**What this task involves**
Nothing below is to be printed except the lines between the line holding "list de namen van insprekers" and the line holding "text Artikel 24.", inclusive, each exactly as it appears.
___ Supplied records
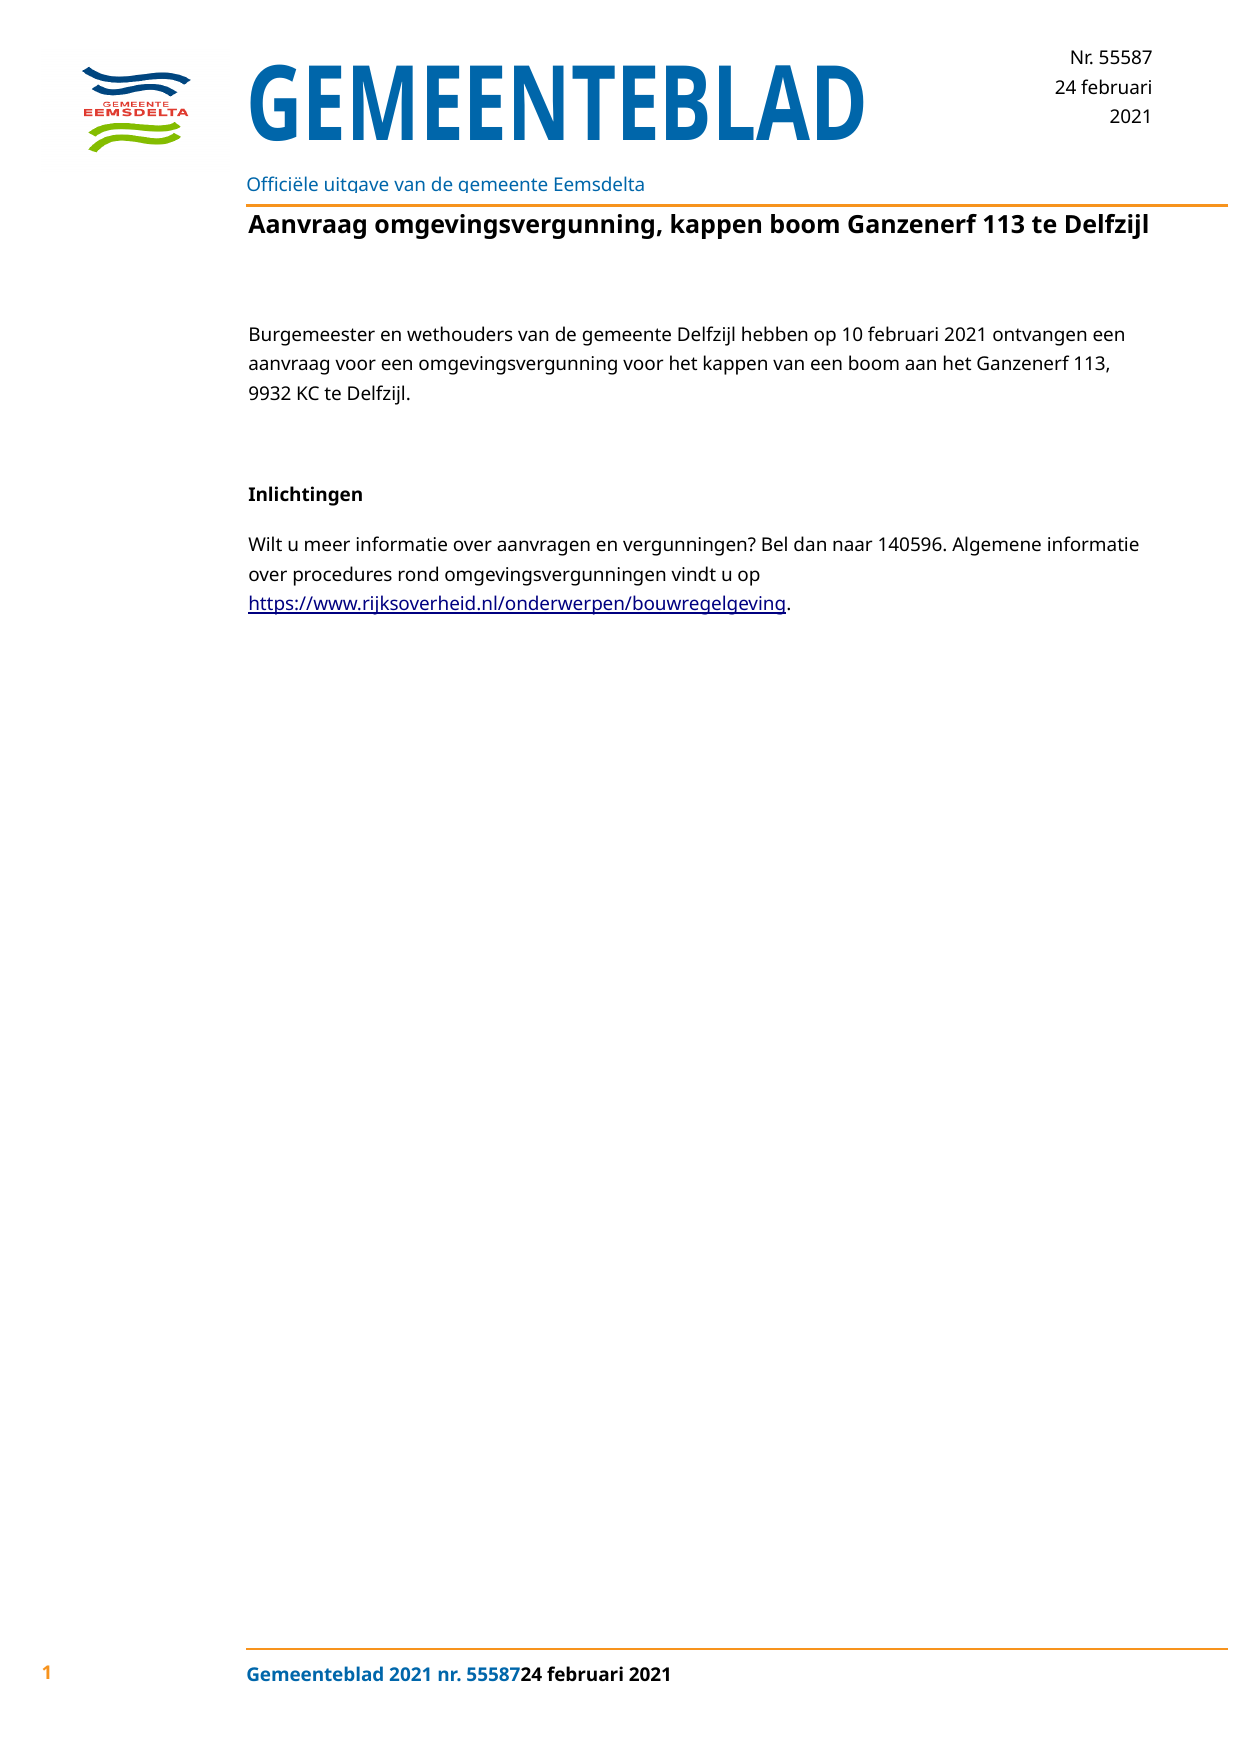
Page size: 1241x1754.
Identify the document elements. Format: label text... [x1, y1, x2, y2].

picture [41, 47, 231, 172]
text Burgemeester en wethouders van de gemeente Delfzijl hebben op 10 februari 2021 ontvangen een aanvraag voor een omgevingsvergunning voor het kappen van een boom aan het Ganzenerf 113, 9932 KC te Delfzijl. [248, 321, 1152, 406]
text Wilt u meer informatie over aanvragen en vergunningen? Bel dan naar 140596. Algemene informatie over procedures rond omgevingsvergunningen vindt u op https://www.rijksoverheid.nl/onderwerpen/bouwregelgeving. [248, 531, 1152, 616]
text Inlichtingen [248, 481, 1152, 506]
text Aanvraag omgevingsvergunning, kappen boom Ganzenerf 113 te Delfzijl [248, 207, 1152, 241]
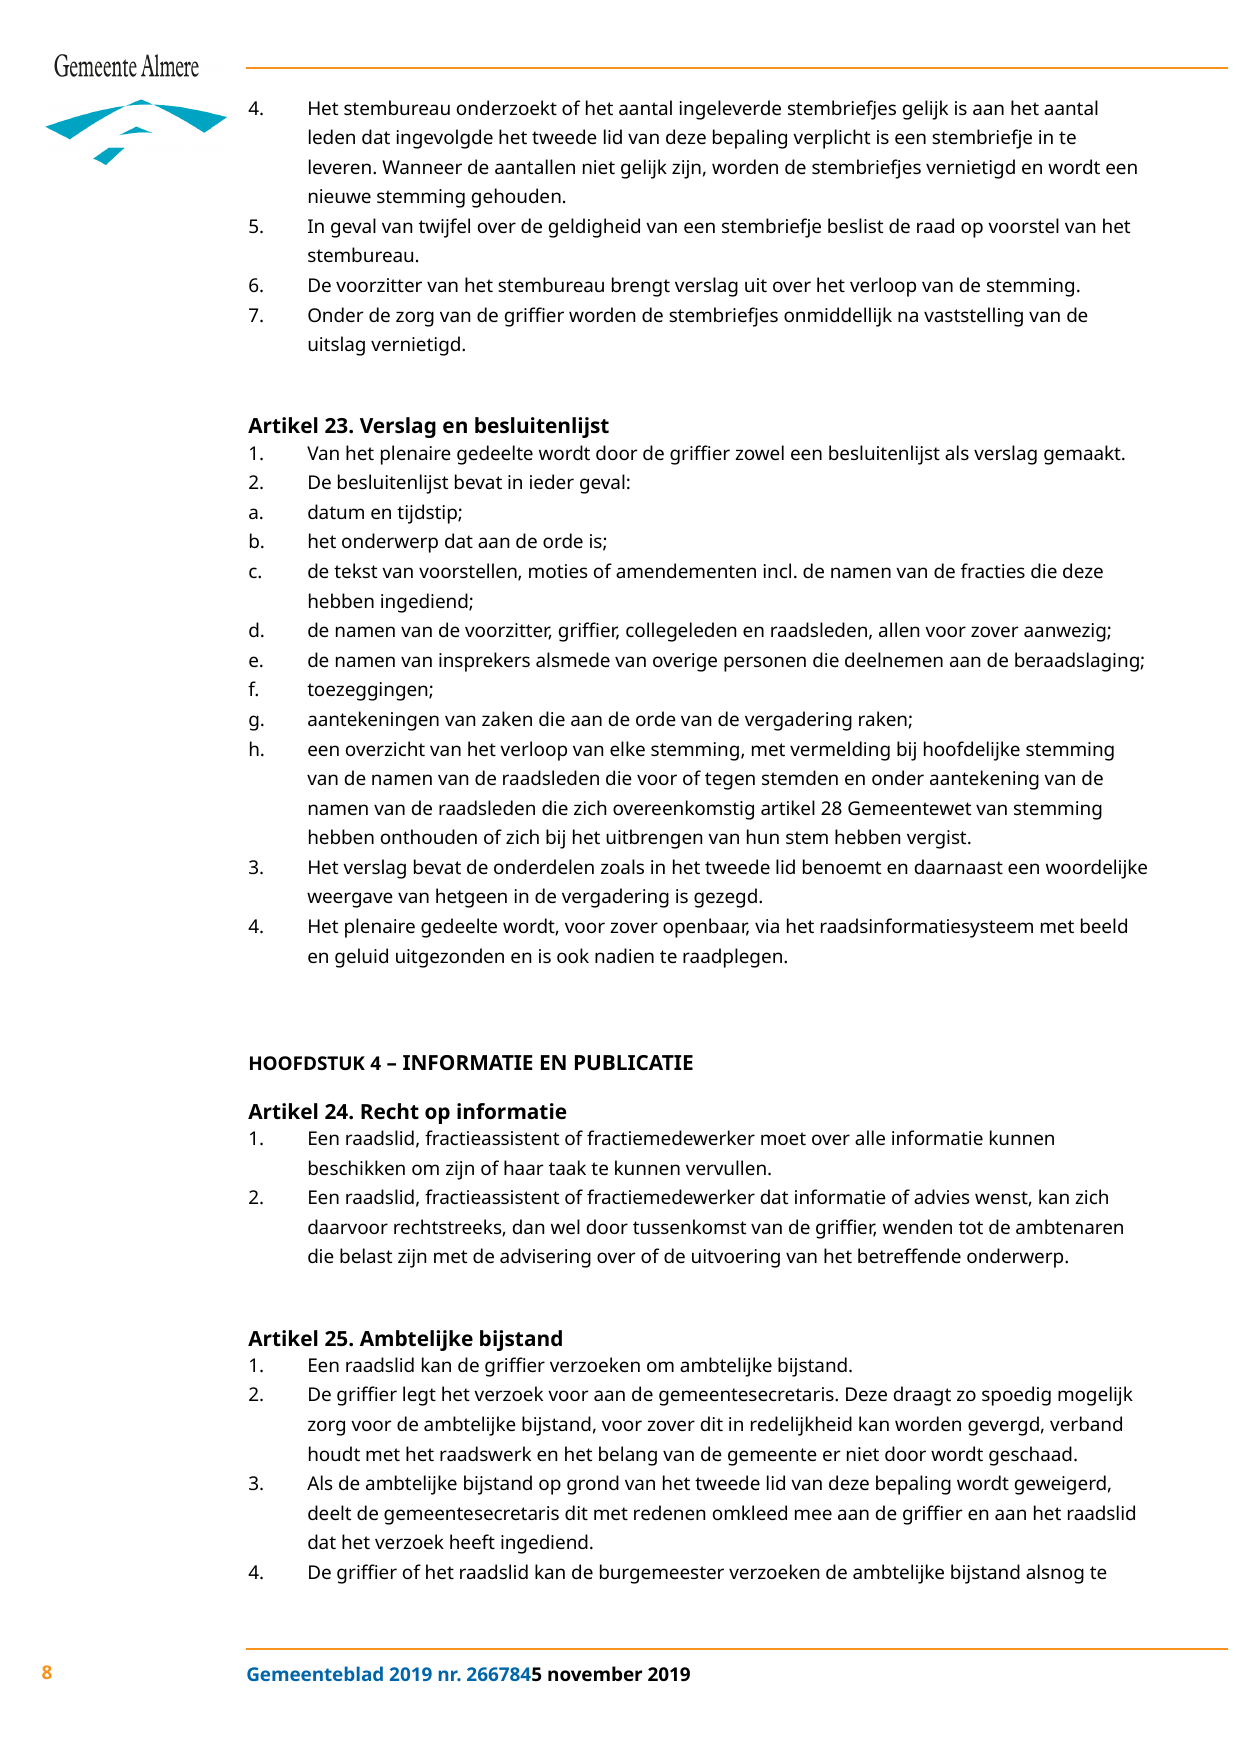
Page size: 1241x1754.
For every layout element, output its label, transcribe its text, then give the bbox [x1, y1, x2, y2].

list Het verslag bevat de onderdelen zoals in het tweede lid benoemt en daarnaast een woordelijke weergave van hetgeen in de vergadering is gezegd. [248, 854, 1152, 909]
list een overzicht van het verloop van elke stemming, met vermelding bij hoofdelijke stemming van de namen van de raadsleden die voor of tegen stemden en onder aantekening van de namen van de raadsleden die zich overeenkomstig artikel 28 Gemeentewet van stemming hebben onthouden of zich bij het uitbrengen van hun stem hebben vergist. [248, 736, 1152, 850]
list de namen van de voorzitter, griffier, collegeleden en raadsleden, allen voor zover aanwezig; [248, 617, 1152, 643]
list de tekst van voorstellen, moties of amendementen incl. de namen van de fracties die deze hebben ingediend; [248, 558, 1152, 613]
list De besluitenlijst bevat in ieder geval: [248, 469, 1152, 495]
list aantekeningen van zaken die aan de orde van de vergadering raken; [248, 706, 1152, 732]
text Artikel 25. Ambtelijke bijstand [248, 1324, 1152, 1352]
list Een raadslid, fractieassistent of fractiemedewerker dat informatie of advies wenst, kan zich daarvoor rechtstreeks, dan wel door tussenkomst van de griffier, wenden tot de ambtenaren die belast zijn met de advisering over of de uitvoering van het betreffende onderwerp. [248, 1184, 1152, 1269]
list De griffier of het raadslid kan de burgemeester verzoeken de ambtelijke bijstand alsnog te [248, 1559, 1152, 1585]
text Artikel 23. Verslag en besluitenlijst [248, 411, 1152, 440]
list Onder de zorg van de griffier worden de stembriefjes onmiddellijk na vaststelling van de uitslag vernietigd. [248, 302, 1152, 357]
list Het plenaire gedeelte wordt, voor zover openbaar, via het raadsinformatiesysteem met beeld en geluid uitgezonden en is ook nadien te raadplegen. [248, 913, 1152, 968]
list Als de ambtelijke bijstand op grond van het tweede lid van deze bepaling wordt geweigerd, deelt de gemeentesecretaris dit met redenen omkleed mee aan de griffier en aan het raadslid dat het verzoek heeft ingediend. [248, 1470, 1152, 1555]
picture [41, 47, 231, 172]
list In geval van twijfel over de geldigheid van een stembriefje beslist de raad op voorstel van het stembureau. [248, 213, 1152, 268]
list het onderwerp dat aan de orde is; [248, 529, 1152, 554]
text HOOFDSTUK 4 – INFORMATIE EN PUBLICATIE [248, 1048, 1152, 1076]
list Een raadslid kan de griffier verzoeken om ambtelijke bijstand. [248, 1352, 1152, 1378]
list Een raadslid, fractieassistent of fractiemedewerker moet over alle informatie kunnen beschikken om zijn of haar taak te kunnen vervullen. [248, 1125, 1152, 1181]
list de namen van insprekers alsmede van overige personen die deelnemen aan de beraadslaging; [248, 647, 1152, 673]
list Het stembureau onderzoekt of het aantal ingeleverde stembriefjes gelijk is aan het aantal leden dat ingevolgde het tweede lid van deze bepaling verplicht is een stembriefje in te leveren. Wanneer de aantallen niet gelijk zijn, worden de stembriefjes vernietigd en wordt een nieuwe stemming gehouden. [248, 95, 1152, 209]
text Artikel 24. Recht op informatie [248, 1097, 1152, 1125]
list De voorzitter van het stembureau brengt verslag uit over het verloop van de stemming. [248, 272, 1152, 298]
list datum en tijdstip; [248, 499, 1152, 525]
list De griffier legt het verzoek voor aan de gemeentesecretaris. Deze draagt zo spoedig mogelijk zorg voor de ambtelijke bijstand, voor zover dit in redelijkheid kan worden gevergd, verband houdt met het raadswerk en het belang van de gemeente er niet door wordt geschaad. [248, 1382, 1152, 1467]
list Van het plenaire gedeelte wordt door de griffier zowel een besluitenlijst als verslag gemaakt. [248, 440, 1152, 466]
list toezeggingen; [248, 677, 1152, 702]
______
**Exercise response**
list de namen van insprekers alsmede van overige personen die deelnemen aan de beraadslaging; [248, 647, 1152, 673]
list Het stembureau onderzoekt of het aantal ingeleverde stembriefjes gelijk is aan het aantal leden dat ingevolgde het tweede lid van deze bepaling verplicht is een stembriefje in te leveren. Wanneer de aantallen niet gelijk zijn, worden de stembriefjes vernietigd en wordt een nieuwe stemming gehouden. [248, 95, 1152, 209]
text Artikel 24. Recht op informatie [248, 1097, 1152, 1125]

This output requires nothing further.